Top of TASK DATA

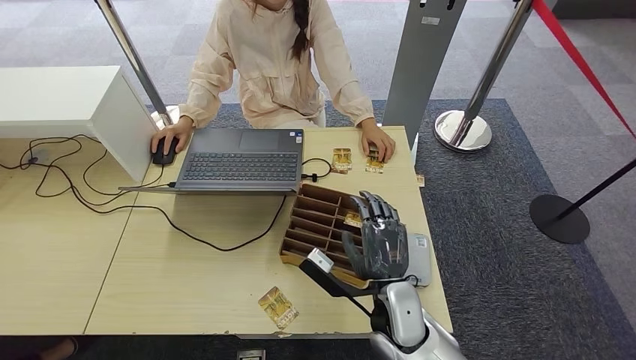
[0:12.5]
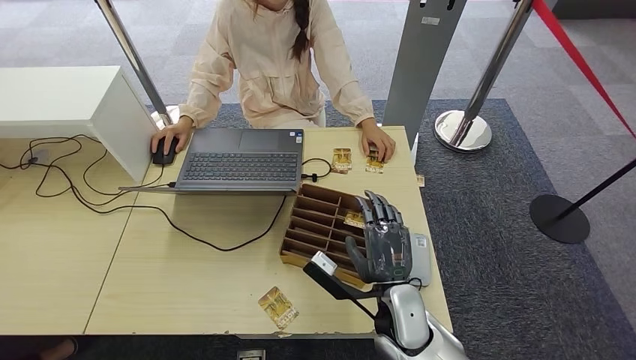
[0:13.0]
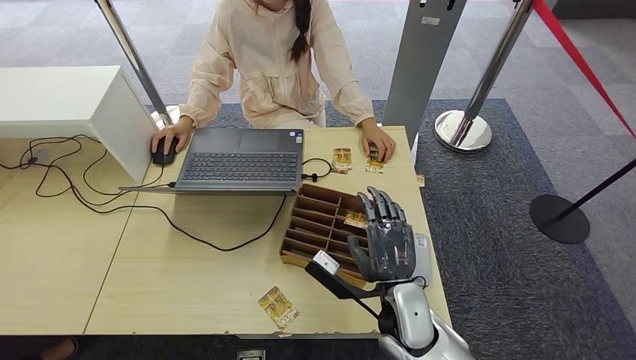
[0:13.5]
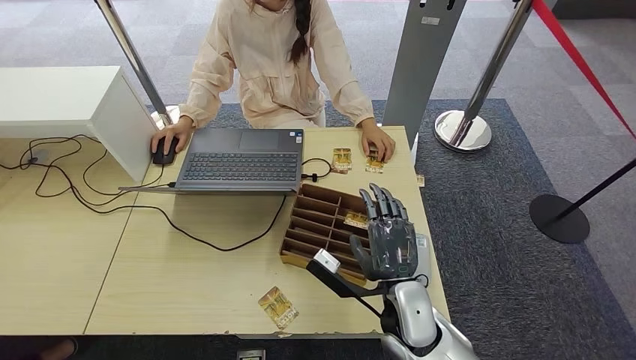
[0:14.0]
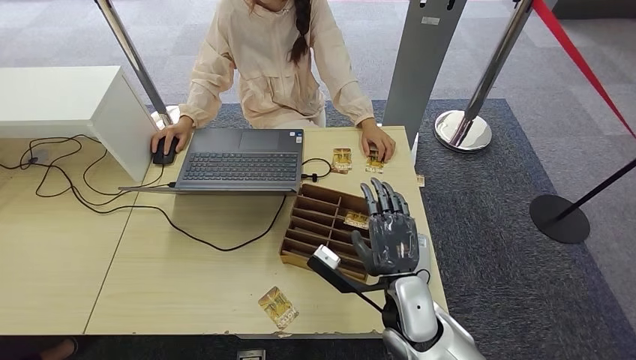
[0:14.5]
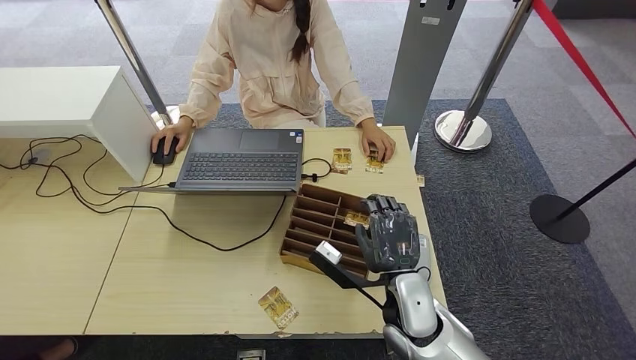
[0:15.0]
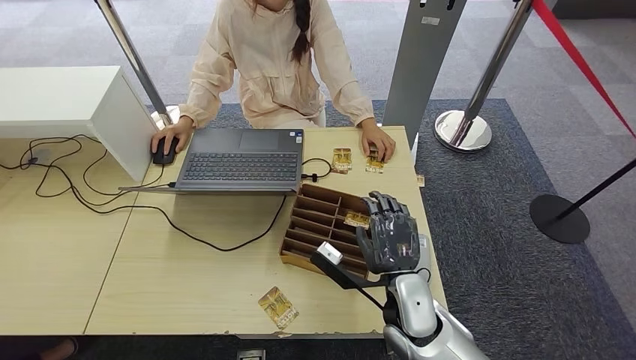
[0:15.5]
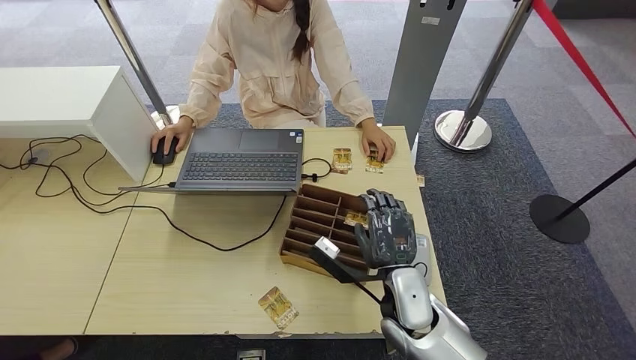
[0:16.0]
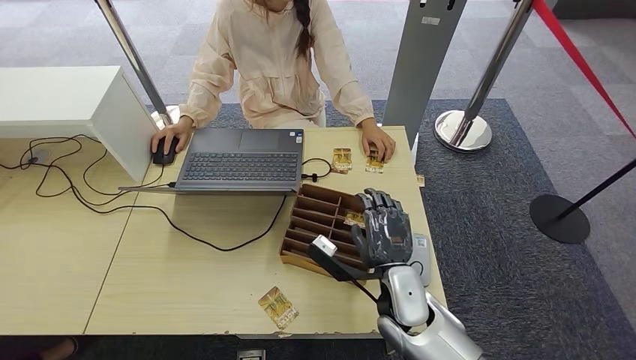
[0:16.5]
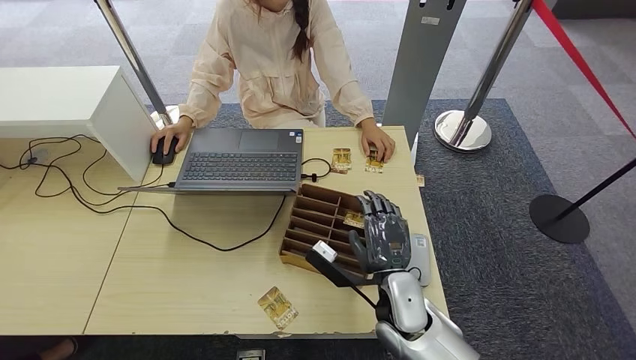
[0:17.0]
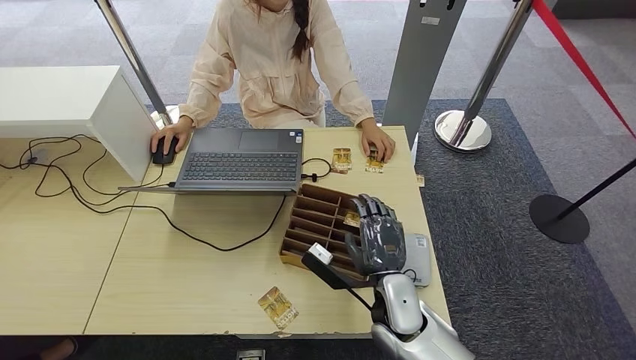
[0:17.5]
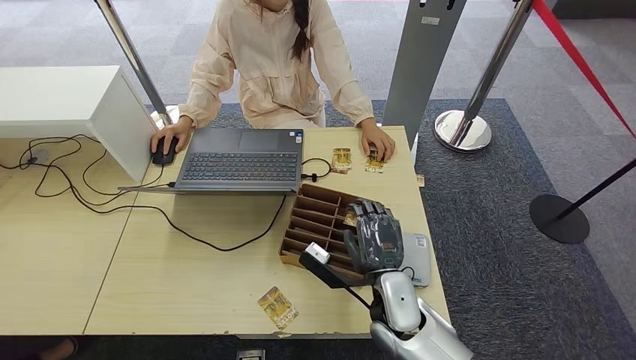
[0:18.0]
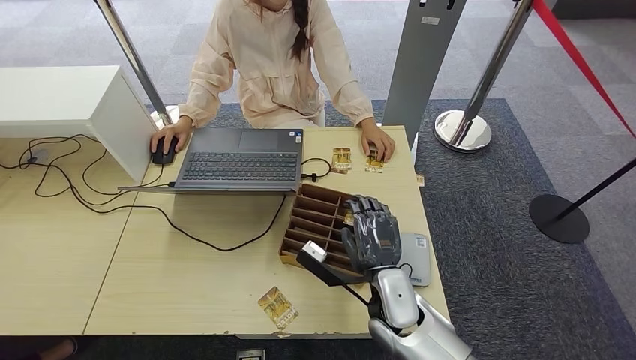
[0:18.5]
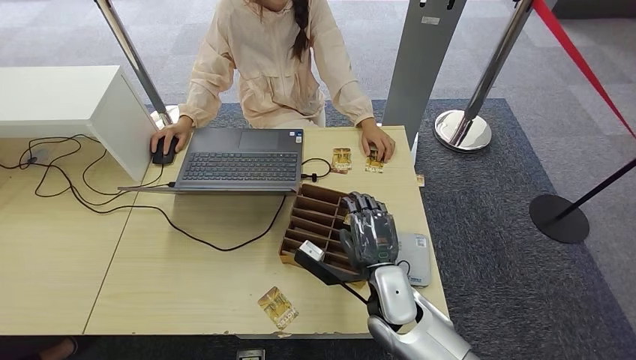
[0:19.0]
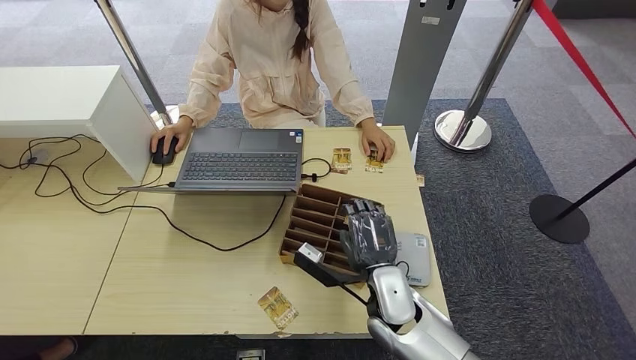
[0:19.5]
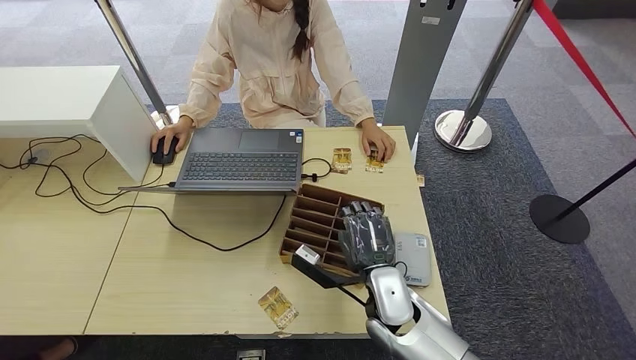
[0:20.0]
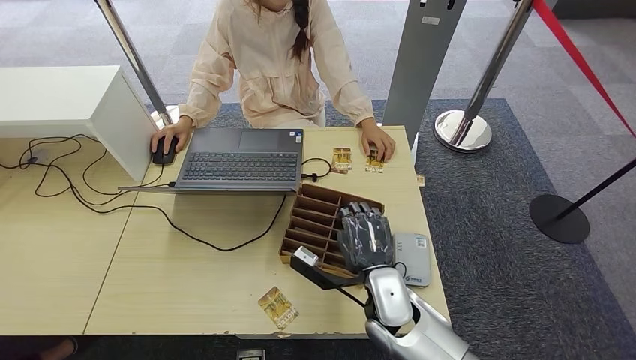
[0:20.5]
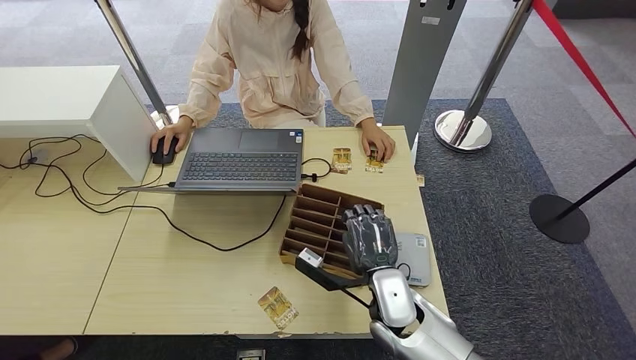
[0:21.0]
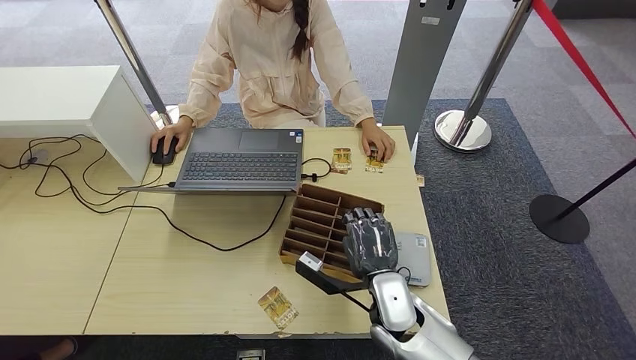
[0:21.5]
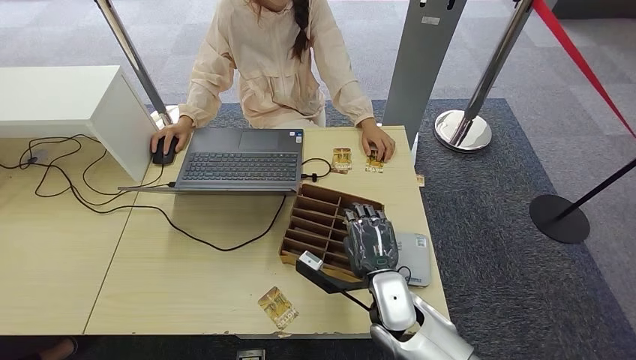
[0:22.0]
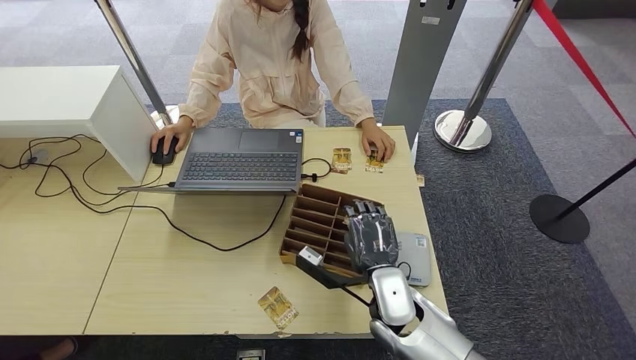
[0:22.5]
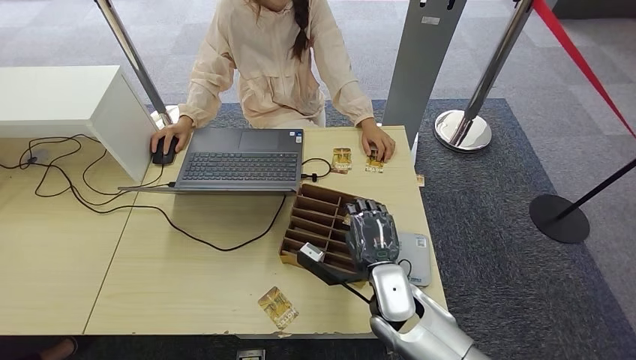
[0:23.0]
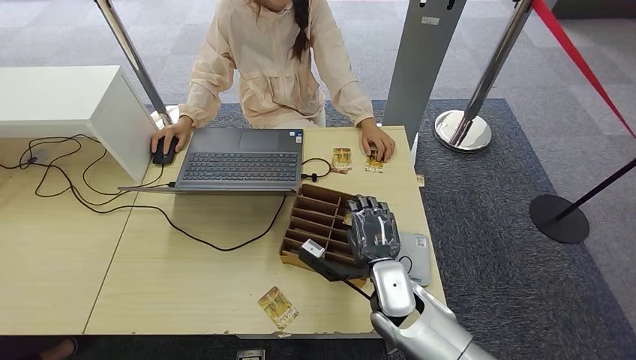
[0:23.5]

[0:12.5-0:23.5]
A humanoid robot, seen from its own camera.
0:12.5 to 0:21.5: The hands stay close to where they were, moving slightly.
0:21.5 to 0:23.5: The hands make only small movements.

Bottom of TASK DATA

#### YOUR TASK:
The data must be repeated exactly. Any pictures in it are to be left out.

#### RESULT OF THIS TASK:
[0:12.5]
[0:13.0]
[0:13.5]
[0:14.0]
[0:14.5]
[0:15.0]
[0:15.5]
[0:16.0]
[0:16.5]
[0:17.0]
[0:17.5]
[0:18.0]
[0:18.5]
[0:19.0]
[0:19.5]
[0:20.0]
[0:20.5]
[0:21.0]
[0:21.5]
[0:22.0]
[0:22.5]
[0:23.0]
[0:23.5]

[0:12.5-0:23.5]
A humanoid robot, seen from its own camera.
0:12.5 to 0:21.5: The hands stay close to where they were, moving slightly.
0:21.5 to 0:23.5: The hands make only small movements.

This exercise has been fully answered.